‒ Это ты, Ксюх, зря! ‒ решительно возразил тот. ‒ Алёна ‒ не старушка. Ну, сколько ей? Лет двадцать семь или двадцать восемь?

‒ Ну, конечно, ‒ Ксюша поморщилась неодобрительно. ‒ Явно за тридцатник. Может, и все сорок.

‒ Да щас! ‒ Ростик глянул на неё с пониманием, ухмыльнулся покровительственно, успокаивающе. ‒ Ксюх, не завидуй. И не переживай. Ты тоже по-своему ничего. Просто я предпочитаю женщин постарше и поопытней. ‒ Он опять ухмыльнулся, теперь уже чересчур многозначительно и пошловато. ‒ Они ещё и чему-нибудь интересненькому научить могут. Да, Димон?

‒ Я-то при чём?

Они уже дошли до нужной аудитории, остановились возле дверей, не торопясь заходить внутрь. Точнее, Ростик всех затормозил, вцепился в Димин рукав, уставился в лицо и, продолжая сально лыбится, запричитал:

‒ Ой, только не говори мне, что ты ни разу не спал… ни с одной… чтобы старше. Гораздо.

Дима нахмурился раздражённо-устало.

‒ Да с чего я перед тобой отчитываться должен?

Опять забыл, что в случае с Ростиком на подобные вопросы надо отвечать однозначно и прямо, иначе так и получится ‒ самодовольный смешок и нужный ему вывод:

‒ То есть, спал? Да? Спал!

Ксюха закатила глаза, собираясь в очередной раз высказать что-то весьма осуждающее и критичное, но тут прозвучало совсем рядом, достаточное громкое и твёрдое:

‒ Я могу пройти?

Слишком неожиданно. Дима резко дёрнулся, развернулся и оказался, ну, чуть ли не лицом к лицу. И глаза, нежно-голубые, те самые, выразительные, как-то уж чересчур близко. Загородили весь свет ‒ кроме них и не увидеть больше ничего.

Радужка светлая, а зрачок тёмный, расширился ‒ невозможно не заметить ‒ и сразу опять сузился. И вместе с ним что-то там в груди точно так же распахнулось на мгновение или даже ‒ разверзлось, ни границ, ни дна. Но тут же снова сжалось до обычного состояния. Вроде бы обычного. Но на самом деле ‒ нет. Потому что успело, всё-таки успело вобрать в себя ‒ чужеродное, лишнее. Не то, чтобы плохое, неудобное, но без него было точно и спокойнее, и комфортнее, и проще.
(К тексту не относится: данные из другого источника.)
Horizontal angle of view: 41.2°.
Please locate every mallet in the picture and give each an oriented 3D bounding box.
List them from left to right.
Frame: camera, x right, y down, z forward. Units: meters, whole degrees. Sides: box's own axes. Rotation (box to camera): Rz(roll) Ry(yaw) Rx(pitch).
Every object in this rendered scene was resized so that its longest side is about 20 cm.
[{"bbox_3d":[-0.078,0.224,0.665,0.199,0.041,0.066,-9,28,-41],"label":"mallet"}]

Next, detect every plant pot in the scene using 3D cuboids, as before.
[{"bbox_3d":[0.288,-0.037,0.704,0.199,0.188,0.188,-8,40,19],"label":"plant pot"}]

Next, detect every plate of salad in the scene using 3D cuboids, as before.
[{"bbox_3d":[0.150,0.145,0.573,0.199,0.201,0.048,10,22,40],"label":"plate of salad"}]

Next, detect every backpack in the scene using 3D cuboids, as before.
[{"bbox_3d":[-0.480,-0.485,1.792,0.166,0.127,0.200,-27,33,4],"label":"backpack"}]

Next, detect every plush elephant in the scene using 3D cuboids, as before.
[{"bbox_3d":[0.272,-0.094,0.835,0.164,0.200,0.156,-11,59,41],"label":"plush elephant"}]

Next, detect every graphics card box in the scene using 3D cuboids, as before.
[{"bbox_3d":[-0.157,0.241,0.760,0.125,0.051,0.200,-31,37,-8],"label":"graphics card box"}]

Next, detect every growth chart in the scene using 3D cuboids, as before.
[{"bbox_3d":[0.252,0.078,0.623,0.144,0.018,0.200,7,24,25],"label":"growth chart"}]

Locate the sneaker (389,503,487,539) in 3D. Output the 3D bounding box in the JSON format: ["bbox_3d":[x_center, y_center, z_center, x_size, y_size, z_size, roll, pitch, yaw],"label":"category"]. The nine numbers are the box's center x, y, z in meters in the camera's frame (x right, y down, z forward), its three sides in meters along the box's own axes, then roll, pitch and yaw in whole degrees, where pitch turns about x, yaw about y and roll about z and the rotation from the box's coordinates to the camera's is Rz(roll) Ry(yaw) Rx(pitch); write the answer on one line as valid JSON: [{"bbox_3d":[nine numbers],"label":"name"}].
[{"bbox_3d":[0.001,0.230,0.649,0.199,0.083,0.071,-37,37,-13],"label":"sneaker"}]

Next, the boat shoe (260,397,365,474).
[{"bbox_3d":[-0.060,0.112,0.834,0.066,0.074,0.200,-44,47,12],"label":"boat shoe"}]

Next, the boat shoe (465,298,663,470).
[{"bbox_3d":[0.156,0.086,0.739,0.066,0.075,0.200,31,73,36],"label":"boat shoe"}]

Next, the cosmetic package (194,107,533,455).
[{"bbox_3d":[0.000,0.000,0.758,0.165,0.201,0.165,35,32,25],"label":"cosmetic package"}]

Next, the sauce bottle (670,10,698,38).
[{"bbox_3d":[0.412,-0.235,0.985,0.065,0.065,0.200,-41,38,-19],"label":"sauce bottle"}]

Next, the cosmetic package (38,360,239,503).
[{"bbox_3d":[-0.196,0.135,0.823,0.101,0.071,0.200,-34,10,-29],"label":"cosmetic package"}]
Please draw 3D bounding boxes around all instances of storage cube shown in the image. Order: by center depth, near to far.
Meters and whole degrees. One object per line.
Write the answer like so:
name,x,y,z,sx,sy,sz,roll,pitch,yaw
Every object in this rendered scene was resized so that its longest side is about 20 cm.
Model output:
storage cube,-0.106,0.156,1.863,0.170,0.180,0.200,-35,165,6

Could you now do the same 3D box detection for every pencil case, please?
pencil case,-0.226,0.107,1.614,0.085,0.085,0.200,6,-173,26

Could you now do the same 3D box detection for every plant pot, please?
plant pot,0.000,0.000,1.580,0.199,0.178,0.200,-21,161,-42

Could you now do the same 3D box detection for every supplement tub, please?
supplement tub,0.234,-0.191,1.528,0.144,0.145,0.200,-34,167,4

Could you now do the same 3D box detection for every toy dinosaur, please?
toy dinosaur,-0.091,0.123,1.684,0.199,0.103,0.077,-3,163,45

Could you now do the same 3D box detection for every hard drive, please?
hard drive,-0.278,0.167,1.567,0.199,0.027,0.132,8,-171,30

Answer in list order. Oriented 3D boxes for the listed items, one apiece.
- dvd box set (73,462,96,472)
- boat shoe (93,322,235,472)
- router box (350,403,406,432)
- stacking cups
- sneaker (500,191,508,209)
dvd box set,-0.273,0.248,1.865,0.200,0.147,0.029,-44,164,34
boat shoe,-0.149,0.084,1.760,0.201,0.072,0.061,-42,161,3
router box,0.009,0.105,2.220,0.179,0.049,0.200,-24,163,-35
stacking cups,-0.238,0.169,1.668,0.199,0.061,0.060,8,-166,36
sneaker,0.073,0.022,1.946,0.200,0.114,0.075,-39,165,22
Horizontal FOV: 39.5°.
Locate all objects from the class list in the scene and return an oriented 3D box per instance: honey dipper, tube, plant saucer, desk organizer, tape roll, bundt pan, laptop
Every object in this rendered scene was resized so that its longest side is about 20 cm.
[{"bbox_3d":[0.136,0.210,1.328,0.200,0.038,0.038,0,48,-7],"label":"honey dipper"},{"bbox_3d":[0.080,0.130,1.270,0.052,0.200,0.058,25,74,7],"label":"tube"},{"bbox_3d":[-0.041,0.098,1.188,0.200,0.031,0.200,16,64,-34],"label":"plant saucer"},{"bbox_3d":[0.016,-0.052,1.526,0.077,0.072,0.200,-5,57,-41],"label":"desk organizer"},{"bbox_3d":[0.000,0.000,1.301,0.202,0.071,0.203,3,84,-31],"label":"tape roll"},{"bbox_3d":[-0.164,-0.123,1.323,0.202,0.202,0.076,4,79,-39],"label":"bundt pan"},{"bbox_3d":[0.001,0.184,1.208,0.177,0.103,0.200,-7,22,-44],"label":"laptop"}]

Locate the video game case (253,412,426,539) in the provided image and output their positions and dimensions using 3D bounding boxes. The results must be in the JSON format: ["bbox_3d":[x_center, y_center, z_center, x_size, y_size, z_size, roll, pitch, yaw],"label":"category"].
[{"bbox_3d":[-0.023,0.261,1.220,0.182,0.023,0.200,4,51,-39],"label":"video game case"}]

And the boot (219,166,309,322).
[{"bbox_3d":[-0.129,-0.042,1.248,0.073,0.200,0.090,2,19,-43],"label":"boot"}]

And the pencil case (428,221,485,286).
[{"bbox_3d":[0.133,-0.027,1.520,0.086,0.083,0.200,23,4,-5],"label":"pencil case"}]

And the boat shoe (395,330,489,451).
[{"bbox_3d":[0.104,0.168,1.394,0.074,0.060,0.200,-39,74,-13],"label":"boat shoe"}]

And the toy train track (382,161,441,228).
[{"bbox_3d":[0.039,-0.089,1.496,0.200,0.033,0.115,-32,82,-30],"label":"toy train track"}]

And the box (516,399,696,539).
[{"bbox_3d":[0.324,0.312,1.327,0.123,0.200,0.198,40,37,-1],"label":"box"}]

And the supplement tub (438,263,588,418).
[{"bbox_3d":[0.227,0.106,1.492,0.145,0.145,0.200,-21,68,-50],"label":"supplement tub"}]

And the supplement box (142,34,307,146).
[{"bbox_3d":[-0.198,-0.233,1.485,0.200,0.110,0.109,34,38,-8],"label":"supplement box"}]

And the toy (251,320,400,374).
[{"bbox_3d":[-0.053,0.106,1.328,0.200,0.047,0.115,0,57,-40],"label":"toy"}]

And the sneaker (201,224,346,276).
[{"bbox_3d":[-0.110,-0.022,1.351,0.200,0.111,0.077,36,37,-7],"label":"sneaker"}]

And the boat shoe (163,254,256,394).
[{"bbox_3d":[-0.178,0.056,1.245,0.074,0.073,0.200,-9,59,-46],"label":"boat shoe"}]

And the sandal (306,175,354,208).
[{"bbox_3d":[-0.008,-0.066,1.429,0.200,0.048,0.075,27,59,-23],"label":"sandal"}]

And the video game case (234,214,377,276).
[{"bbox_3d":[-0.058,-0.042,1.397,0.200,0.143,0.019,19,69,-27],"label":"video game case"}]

‒ Я могу пройти? ‒ повторила Алёна Игоревна. Интонации по-прежнему ровные, прохладные.

Он тоже откликнулся вполне так спокойно:

‒ Конечно, ‒ и вежливо отступил в сторону.

Англичанка шагнула в дверной проём, Ростик встрепенулся, бросился следом:

‒ Алёна Игоревна! Алёна Игоревна, а я вас так ждал, так ждал. Знаете, когда я перевод текста делал, у меня тут проблемы возникли. В одном месте.

Ага, проблемы у него ‒ в одном месте.

Ксюша тихонечко фыркнула, провожая его взглядом, качнула головой.

‒ Вот ведь придурок озабоченный.

Алёна Игоревна отшила Ростика быстро и просто.

‒ Занятие вот-вот начнётся, на нём и разберём, где там у вас возникли трудности. Все вместе.

‒ Но-о… ‒ обиженно протянул Ростик.

Алёна Игоревна чуть наклонила голову, улыбнулась сдержанно, проговорила негромко и мягко:

‒ Пройдите, пожалуйста, на место. ‒ Коснулась пальчиком изящных часиков, обхватывавших тонкое запястье. ‒ Уже пора.

Ростик, сделав трагическое лицо, протопал к свободному стулу, плюхнулся. Дима отвернулся к окну, вперился взглядом в низкое серое небо.

Реальность отодвинулась, даже разговоры не мешали, сливались в фоновый шум, лёгкие помехи эфира. А тот и сам по себе был как-то необъяснимо пуст, даже не думалось особо. Мысли текли медленным потоком, вязким и мутным ‒ ничего не разобрать. Просто плыть, безвольно раскачиваясь на неторопливых волнах, и очнуться, только услышав громко произнесённую собственную фамилию.

‒ Решетников!

11. 10

Позови его кто-то другой, Дима, возможно, и не услышал бы, не обратил внимания, а сейчас, пусть не моментально, но повернулся, откликнулся.